• Exercise inputs:
((

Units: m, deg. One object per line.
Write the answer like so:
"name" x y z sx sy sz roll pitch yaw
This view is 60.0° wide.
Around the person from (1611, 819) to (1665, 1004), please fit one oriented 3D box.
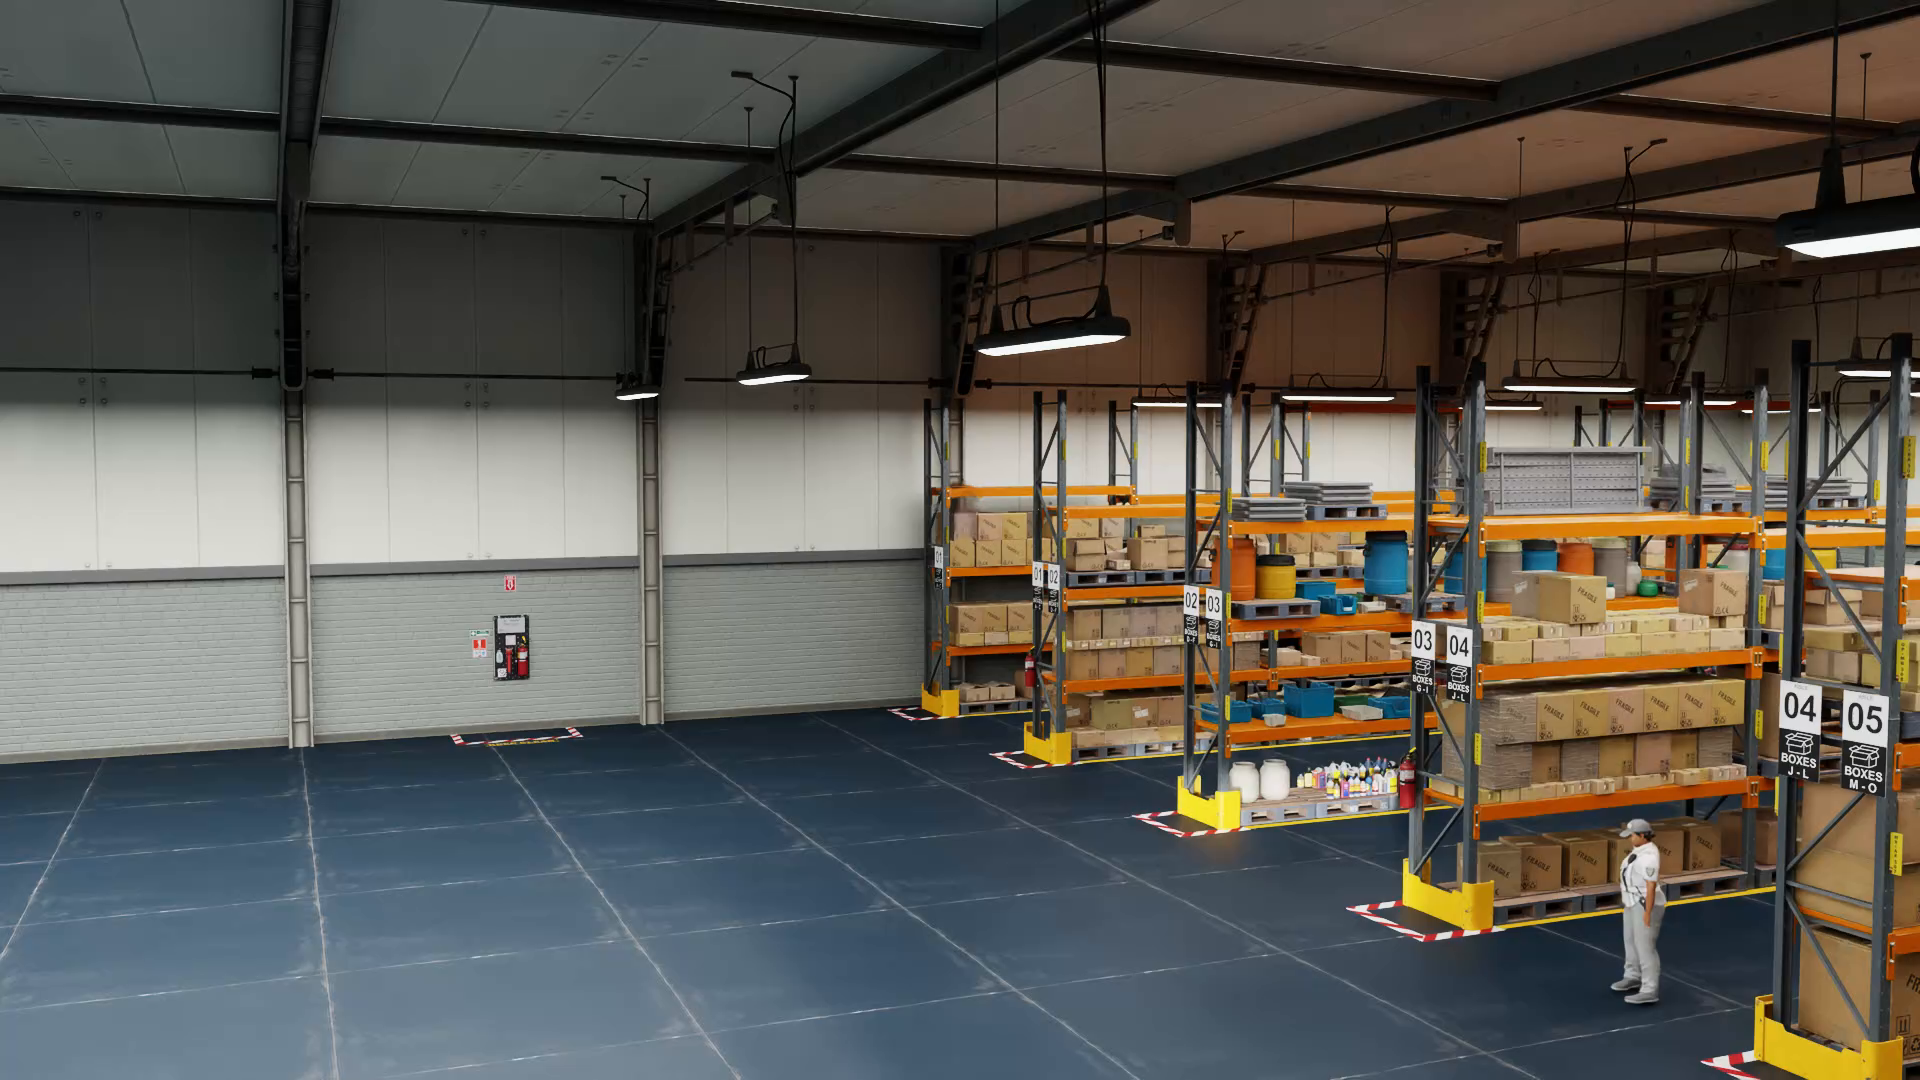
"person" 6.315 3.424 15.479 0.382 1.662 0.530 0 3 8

))
((

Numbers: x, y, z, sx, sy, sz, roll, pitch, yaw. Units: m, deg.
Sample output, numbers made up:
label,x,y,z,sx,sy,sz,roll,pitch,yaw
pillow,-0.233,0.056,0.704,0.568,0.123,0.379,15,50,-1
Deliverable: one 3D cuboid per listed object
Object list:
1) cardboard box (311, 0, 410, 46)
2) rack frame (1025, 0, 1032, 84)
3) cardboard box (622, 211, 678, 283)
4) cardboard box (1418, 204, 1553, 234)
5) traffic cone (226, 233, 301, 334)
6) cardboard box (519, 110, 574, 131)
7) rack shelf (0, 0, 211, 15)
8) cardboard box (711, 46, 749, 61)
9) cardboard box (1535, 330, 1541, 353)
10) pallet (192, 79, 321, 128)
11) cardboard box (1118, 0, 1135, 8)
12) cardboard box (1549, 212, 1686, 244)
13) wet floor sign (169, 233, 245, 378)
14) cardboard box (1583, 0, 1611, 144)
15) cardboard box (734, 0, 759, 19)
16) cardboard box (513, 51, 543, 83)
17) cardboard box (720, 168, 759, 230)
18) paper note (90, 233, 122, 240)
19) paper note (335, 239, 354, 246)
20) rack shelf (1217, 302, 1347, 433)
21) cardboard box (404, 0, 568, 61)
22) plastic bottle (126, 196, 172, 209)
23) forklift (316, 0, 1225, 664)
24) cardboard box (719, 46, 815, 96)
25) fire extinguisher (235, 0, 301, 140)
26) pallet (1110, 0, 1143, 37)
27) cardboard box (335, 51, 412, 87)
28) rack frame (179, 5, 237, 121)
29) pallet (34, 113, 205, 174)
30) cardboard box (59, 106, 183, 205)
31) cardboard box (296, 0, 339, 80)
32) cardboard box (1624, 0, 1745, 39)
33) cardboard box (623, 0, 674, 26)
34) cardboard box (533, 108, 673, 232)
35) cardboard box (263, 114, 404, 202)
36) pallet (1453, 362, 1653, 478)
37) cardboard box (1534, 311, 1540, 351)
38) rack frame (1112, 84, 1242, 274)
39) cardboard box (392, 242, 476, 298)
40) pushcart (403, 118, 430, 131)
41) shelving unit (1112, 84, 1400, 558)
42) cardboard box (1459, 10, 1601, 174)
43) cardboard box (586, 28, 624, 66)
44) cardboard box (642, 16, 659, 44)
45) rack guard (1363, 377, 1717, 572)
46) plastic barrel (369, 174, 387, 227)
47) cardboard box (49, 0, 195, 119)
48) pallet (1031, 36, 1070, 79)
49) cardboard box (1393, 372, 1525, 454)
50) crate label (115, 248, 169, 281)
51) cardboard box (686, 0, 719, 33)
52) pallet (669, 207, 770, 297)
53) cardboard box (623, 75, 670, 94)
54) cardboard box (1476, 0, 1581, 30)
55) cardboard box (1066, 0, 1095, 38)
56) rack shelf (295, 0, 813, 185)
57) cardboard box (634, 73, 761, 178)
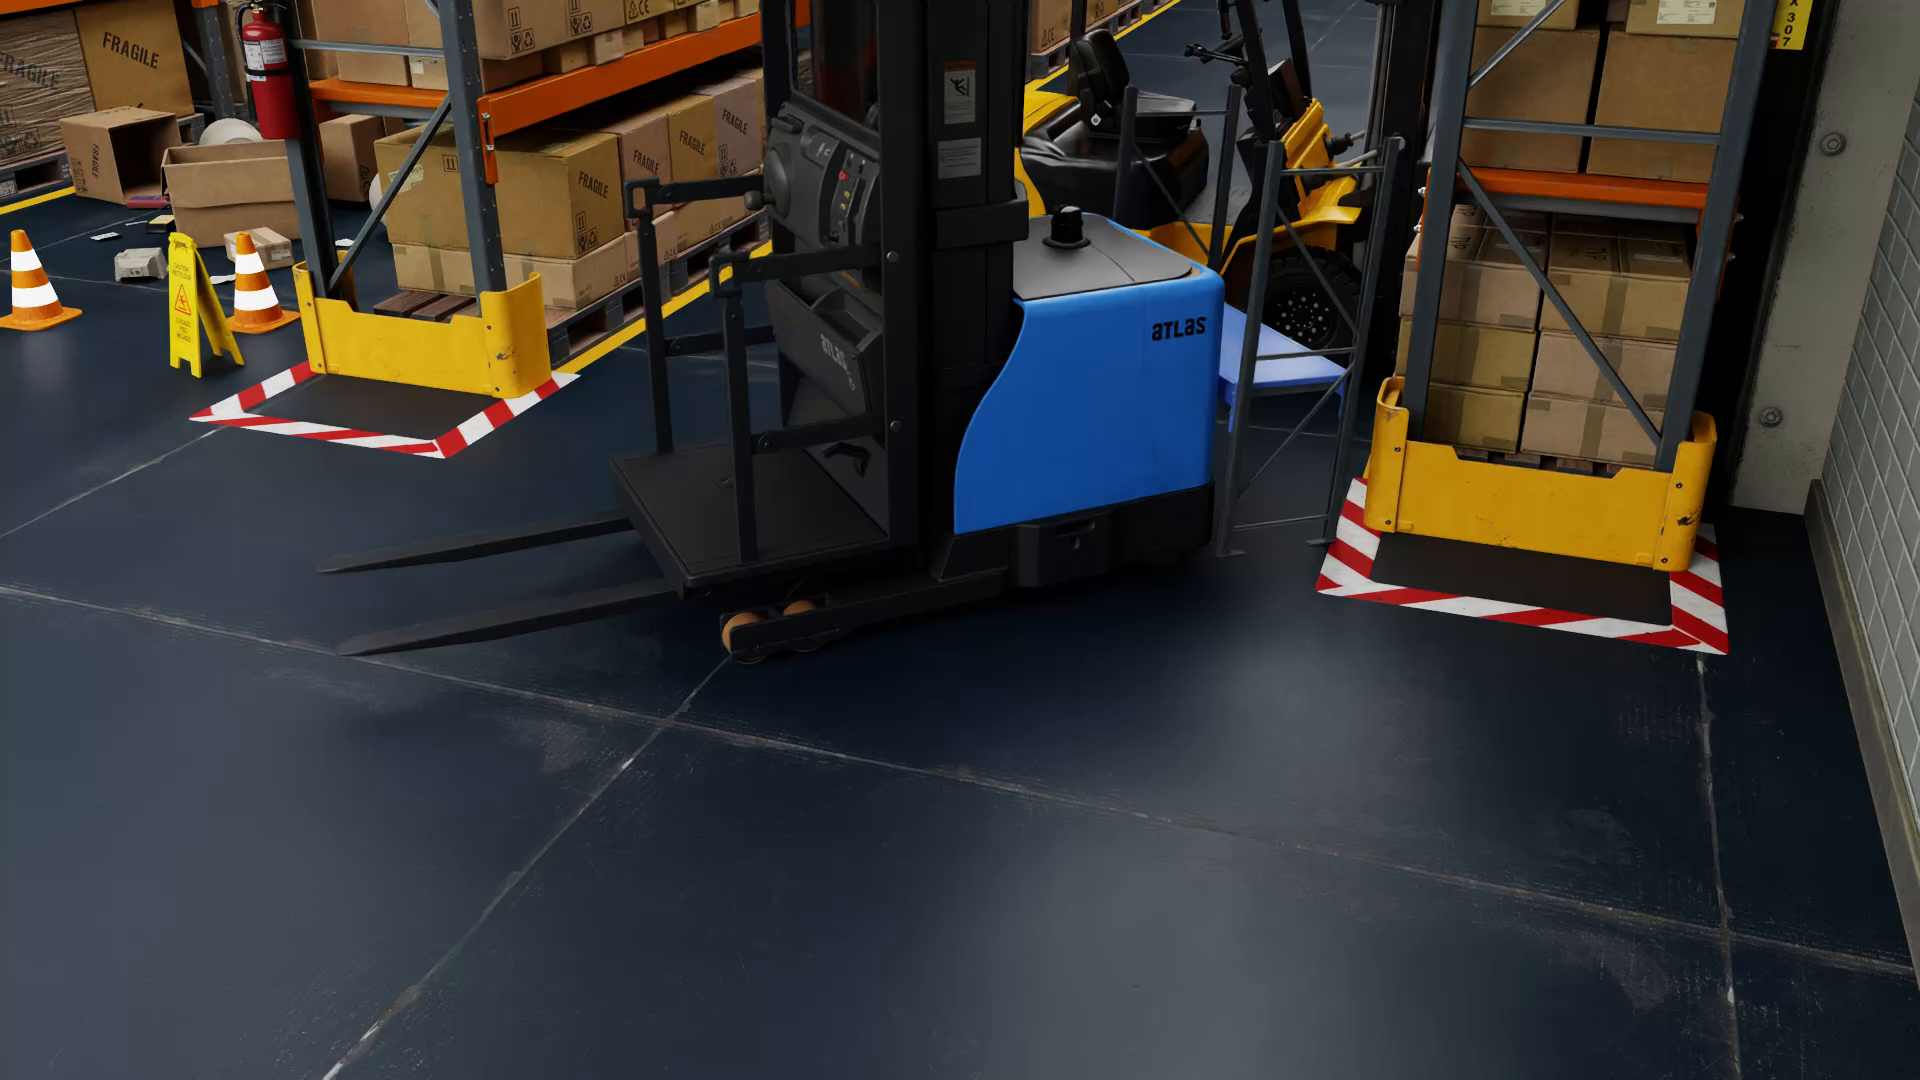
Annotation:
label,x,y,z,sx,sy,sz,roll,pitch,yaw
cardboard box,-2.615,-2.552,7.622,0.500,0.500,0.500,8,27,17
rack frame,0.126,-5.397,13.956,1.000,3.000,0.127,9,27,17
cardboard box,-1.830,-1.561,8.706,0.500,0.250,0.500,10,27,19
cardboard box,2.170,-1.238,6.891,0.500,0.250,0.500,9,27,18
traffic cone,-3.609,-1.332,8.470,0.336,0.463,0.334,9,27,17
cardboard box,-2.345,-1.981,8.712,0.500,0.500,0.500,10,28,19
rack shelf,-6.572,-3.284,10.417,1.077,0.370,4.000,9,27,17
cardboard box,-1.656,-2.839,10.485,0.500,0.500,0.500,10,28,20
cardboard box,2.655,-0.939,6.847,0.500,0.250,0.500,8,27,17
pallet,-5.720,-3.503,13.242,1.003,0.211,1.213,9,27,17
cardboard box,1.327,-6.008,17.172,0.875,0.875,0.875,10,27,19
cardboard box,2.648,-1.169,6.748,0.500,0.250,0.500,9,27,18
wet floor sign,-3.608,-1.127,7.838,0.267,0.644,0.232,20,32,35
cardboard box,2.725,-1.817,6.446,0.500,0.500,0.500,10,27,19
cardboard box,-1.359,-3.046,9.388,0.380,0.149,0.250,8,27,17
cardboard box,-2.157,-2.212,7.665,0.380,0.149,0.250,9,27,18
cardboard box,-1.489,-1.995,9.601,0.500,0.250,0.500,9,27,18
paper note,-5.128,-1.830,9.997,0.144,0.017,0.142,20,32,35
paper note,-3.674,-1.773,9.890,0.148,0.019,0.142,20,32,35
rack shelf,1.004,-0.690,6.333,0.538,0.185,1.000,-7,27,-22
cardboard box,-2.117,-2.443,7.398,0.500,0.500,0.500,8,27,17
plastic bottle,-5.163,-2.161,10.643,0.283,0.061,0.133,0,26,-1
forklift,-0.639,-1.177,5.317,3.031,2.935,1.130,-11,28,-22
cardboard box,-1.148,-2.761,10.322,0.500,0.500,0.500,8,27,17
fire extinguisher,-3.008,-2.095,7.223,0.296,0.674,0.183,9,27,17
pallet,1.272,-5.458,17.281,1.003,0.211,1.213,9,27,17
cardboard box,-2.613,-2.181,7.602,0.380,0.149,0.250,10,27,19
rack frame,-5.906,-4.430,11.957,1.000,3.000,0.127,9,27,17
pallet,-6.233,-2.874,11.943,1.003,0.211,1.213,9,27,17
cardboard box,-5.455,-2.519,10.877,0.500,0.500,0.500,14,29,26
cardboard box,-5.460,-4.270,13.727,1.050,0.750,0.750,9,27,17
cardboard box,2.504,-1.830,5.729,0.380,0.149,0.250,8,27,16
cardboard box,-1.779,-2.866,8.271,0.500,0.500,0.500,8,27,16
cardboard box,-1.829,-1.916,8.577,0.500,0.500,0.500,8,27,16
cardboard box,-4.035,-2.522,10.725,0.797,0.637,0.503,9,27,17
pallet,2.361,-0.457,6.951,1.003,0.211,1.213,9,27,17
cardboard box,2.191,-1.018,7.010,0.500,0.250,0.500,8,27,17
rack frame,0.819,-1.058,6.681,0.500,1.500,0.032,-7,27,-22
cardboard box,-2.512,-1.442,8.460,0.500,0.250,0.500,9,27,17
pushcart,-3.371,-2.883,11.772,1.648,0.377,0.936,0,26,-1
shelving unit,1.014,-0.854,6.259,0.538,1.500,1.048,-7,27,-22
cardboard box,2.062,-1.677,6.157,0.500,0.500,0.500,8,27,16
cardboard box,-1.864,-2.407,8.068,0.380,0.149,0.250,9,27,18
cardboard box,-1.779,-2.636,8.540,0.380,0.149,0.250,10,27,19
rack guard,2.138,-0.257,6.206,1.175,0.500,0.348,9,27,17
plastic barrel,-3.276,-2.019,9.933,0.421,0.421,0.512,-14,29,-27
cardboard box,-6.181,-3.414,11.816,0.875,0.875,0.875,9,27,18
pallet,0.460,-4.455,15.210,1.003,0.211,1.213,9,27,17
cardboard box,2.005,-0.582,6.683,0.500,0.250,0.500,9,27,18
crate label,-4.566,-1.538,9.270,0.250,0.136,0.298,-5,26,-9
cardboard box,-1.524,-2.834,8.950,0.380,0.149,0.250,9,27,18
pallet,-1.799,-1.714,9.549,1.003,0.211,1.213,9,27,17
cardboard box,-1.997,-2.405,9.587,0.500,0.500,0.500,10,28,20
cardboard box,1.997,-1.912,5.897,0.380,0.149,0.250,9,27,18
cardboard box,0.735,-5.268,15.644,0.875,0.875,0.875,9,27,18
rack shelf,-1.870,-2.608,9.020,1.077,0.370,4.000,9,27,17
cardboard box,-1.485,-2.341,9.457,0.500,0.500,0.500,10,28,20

))

• Work to complete:
Going down the listing above, begin printing at the line with "18) paper note (90, 233, 122, 240)" and finish with the line with "43) cardboard box (586, 28, 624, 66)", exactly as they appear.

• Result of this exercise:
18) paper note (90, 233, 122, 240)
19) paper note (335, 239, 354, 246)
20) rack shelf (1217, 302, 1347, 433)
21) cardboard box (404, 0, 568, 61)
22) plastic bottle (126, 196, 172, 209)
23) forklift (316, 0, 1225, 664)
24) cardboard box (719, 46, 815, 96)
25) fire extinguisher (235, 0, 301, 140)
26) pallet (1110, 0, 1143, 37)
27) cardboard box (335, 51, 412, 87)
28) rack frame (179, 5, 237, 121)
29) pallet (34, 113, 205, 174)
30) cardboard box (59, 106, 183, 205)
31) cardboard box (296, 0, 339, 80)
32) cardboard box (1624, 0, 1745, 39)
33) cardboard box (623, 0, 674, 26)
34) cardboard box (533, 108, 673, 232)
35) cardboard box (263, 114, 404, 202)
36) pallet (1453, 362, 1653, 478)
37) cardboard box (1534, 311, 1540, 351)
38) rack frame (1112, 84, 1242, 274)
39) cardboard box (392, 242, 476, 298)
40) pushcart (403, 118, 430, 131)
41) shelving unit (1112, 84, 1400, 558)
42) cardboard box (1459, 10, 1601, 174)
43) cardboard box (586, 28, 624, 66)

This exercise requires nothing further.